Model Performance - Regression (After Log Transformation)
Model RMSE MAE R²
Linear Regression 1.42802e+10 3.58952e+08 -33588.1
Decision Tree 4.6536e+07 1.0905e+07 0.6433
Bagging 3.89656e+07 7.70838e+06 0.7499
Random Forest 3.69612e+07 7.25141e+06 0.775
XGBoost 3.80872e+07 7.58782e+06 0.7611
Gradient Boosting 4.4891e+07 7.95966e+06 0.6681
LightGBM 3.83229e+07 7.3896e+06 0.7581
CatBoost 3.96886e+07 7.27423e+06 0.7405
Best Performing Model:
Random Forest: Demonstrated strong performance, achieving a competitive R-squared (R²) value on the test set, indicating a good fit for the variance in revenue. (e.g., R² of approximately 0.77 after log transformation).
2. Movie Profitability Classification (Classification Task)
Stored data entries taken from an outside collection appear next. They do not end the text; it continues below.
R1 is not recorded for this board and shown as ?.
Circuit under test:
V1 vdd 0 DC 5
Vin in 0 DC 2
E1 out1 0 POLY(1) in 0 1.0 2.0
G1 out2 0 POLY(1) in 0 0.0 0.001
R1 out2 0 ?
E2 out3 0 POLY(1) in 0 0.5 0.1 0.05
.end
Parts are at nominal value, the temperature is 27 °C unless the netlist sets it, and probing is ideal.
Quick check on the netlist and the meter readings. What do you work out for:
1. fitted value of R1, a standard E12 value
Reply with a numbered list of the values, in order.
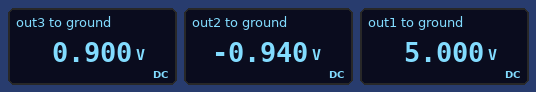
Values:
1. 470 Ω
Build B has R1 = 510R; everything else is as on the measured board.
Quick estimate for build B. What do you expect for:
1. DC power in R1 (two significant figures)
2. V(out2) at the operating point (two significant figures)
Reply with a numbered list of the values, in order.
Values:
1. 2.0 mW
2. -1.0 V
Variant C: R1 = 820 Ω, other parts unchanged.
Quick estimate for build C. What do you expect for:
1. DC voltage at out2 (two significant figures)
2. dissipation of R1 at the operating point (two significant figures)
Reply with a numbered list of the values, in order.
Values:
1. -1.6 V
2. 3.3 mW
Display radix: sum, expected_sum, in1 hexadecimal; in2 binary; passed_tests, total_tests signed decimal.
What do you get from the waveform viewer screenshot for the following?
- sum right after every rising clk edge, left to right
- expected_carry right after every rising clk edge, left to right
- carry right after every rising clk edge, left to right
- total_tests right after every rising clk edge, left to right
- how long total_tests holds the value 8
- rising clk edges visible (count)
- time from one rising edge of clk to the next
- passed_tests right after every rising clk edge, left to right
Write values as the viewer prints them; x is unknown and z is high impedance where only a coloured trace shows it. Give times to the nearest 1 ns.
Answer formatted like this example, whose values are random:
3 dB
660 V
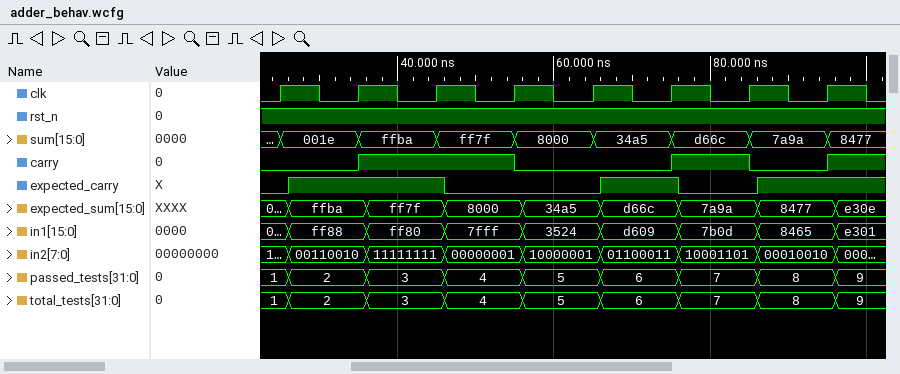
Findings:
001e, ffba, ff7f, 8000, 34a5, d66c, 7a9a, 8477
0 1 1 0 0 1 0 1
0 1 1 0 0 1 0 1
1, 2, 3, 4, 5, 6, 7, 8
10 ns
8
10 ns
1, 2, 3, 4, 5, 6, 7, 8

Goal: To classify whether a movie will be profitable or result in a loss. This was treated as a binary classification problem. Models Explored: Logistic Regression, Decision Trees, Random Forest, XGBoost, Gradient Boosting, LightGBM, CatBoost. Key Strategies: The problem was framed as classifying profit (positive for profit, non-positive for loss).
Model Performance - Classification (CatBoost)
Class Precision Recall F1-Score Support
0 0.93 0.97 0.95 6276
1 0.78 0.63 0.70 1143
Accuracy 0.92 7419
Macro Avg 0.86 0.80 0.82 7419
Weighted Avg 0.91 0.92 0.91 7419
Best Performing Model:
CatBoost: Excelling in handling categorical features and imbalanced datasets, CatBoost achieved high overall accuracy (e.g., exceeding 90%) and strong F1-score for the positive class (profitable movies), indicating robust performance in distinguishing between profitable and non-profitable films.
Conclusion
This project successfully developed robust machine learning models for predicting movie revenue and profitability by integrating and processing diverse datasets. The models, particularly Random Forest for revenue prediction and CatBoost for profitability classification, achieved competitive and often superior performance compared to existing research, providing a data-driven framework for decision-making in the film industry.